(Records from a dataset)
▬▬▬▬▬▬

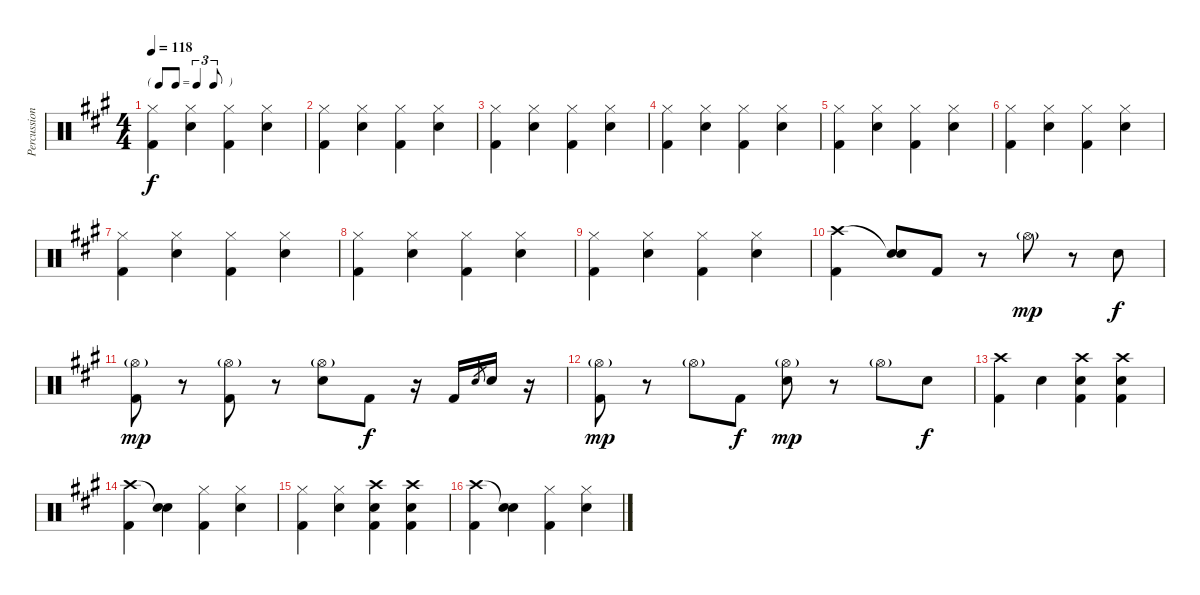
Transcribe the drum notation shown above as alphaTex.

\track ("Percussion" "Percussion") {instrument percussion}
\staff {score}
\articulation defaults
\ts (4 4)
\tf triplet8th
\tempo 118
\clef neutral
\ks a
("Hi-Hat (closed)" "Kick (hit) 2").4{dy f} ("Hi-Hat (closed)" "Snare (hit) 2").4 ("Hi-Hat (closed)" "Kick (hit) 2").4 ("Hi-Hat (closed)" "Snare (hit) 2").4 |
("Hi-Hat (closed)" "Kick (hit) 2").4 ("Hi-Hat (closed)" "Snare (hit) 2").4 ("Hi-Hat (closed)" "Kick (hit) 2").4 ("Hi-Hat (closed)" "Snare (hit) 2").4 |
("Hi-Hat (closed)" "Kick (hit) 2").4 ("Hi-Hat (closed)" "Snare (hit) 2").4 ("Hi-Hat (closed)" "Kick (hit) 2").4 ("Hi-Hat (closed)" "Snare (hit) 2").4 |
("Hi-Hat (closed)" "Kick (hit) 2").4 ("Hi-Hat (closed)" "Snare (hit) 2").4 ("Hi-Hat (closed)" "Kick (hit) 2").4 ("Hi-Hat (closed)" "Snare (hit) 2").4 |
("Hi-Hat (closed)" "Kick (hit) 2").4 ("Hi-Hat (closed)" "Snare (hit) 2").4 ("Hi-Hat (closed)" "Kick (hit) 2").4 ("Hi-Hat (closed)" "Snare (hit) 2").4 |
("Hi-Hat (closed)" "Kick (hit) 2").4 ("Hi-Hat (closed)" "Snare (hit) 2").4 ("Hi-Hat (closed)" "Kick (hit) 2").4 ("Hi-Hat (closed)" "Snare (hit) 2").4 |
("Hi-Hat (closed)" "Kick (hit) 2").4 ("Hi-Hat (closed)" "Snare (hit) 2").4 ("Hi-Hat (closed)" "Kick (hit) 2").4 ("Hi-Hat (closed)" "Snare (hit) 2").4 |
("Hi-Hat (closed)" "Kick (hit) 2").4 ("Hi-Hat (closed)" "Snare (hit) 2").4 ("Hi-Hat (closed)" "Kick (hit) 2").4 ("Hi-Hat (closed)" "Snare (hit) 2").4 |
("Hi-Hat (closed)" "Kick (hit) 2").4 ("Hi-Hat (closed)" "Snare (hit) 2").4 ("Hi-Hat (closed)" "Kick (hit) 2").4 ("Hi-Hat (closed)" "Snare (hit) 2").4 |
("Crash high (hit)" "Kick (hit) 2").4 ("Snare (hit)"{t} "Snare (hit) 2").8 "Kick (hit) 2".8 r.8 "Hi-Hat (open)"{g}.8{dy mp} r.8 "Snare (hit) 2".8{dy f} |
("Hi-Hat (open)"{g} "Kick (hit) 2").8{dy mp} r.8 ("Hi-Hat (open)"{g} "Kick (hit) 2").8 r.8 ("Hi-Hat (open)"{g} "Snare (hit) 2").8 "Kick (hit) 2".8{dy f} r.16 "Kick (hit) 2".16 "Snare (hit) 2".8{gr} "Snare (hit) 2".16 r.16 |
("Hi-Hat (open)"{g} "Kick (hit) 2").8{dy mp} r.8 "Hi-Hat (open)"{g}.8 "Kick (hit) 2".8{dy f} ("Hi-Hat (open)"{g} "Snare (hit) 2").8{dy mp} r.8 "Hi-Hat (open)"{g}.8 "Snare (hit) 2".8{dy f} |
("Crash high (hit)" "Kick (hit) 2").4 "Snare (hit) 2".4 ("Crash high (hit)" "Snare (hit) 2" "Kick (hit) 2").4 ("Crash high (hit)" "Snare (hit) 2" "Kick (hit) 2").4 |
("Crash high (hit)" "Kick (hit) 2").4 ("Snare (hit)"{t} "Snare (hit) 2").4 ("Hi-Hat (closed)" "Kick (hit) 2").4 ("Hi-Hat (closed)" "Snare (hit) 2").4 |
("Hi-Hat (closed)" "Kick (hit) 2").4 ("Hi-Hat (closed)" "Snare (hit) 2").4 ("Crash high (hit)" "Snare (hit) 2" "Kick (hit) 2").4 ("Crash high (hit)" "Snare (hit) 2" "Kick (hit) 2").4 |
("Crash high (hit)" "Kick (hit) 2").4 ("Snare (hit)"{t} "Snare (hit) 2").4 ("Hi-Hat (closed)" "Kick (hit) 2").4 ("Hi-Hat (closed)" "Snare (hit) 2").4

▬▬▬▬▬▬

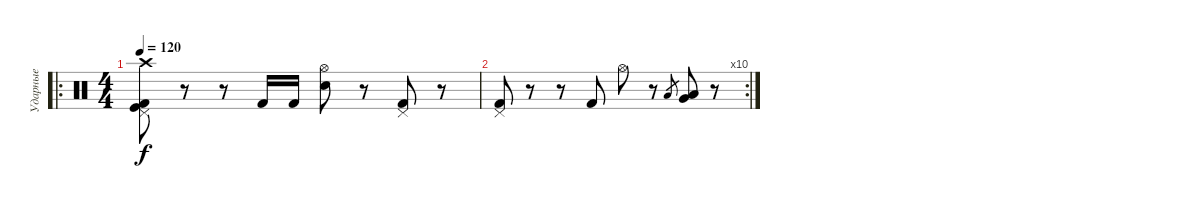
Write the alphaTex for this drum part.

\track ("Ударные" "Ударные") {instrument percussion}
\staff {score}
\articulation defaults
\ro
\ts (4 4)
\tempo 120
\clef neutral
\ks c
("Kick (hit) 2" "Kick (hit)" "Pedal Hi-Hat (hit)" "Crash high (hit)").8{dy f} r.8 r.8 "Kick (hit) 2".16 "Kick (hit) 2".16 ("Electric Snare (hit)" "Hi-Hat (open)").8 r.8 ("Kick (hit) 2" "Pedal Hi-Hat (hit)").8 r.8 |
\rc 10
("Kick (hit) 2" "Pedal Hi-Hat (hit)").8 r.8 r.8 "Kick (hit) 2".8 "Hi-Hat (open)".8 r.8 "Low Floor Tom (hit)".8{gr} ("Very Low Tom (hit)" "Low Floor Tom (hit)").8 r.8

▬▬▬▬▬▬

### EXERCISE REQUIREMENTS
Every line in the records above that holds "alphaTex" counts once; state the total and nothing else.

### ANSWER TO THIS EXERCISE
2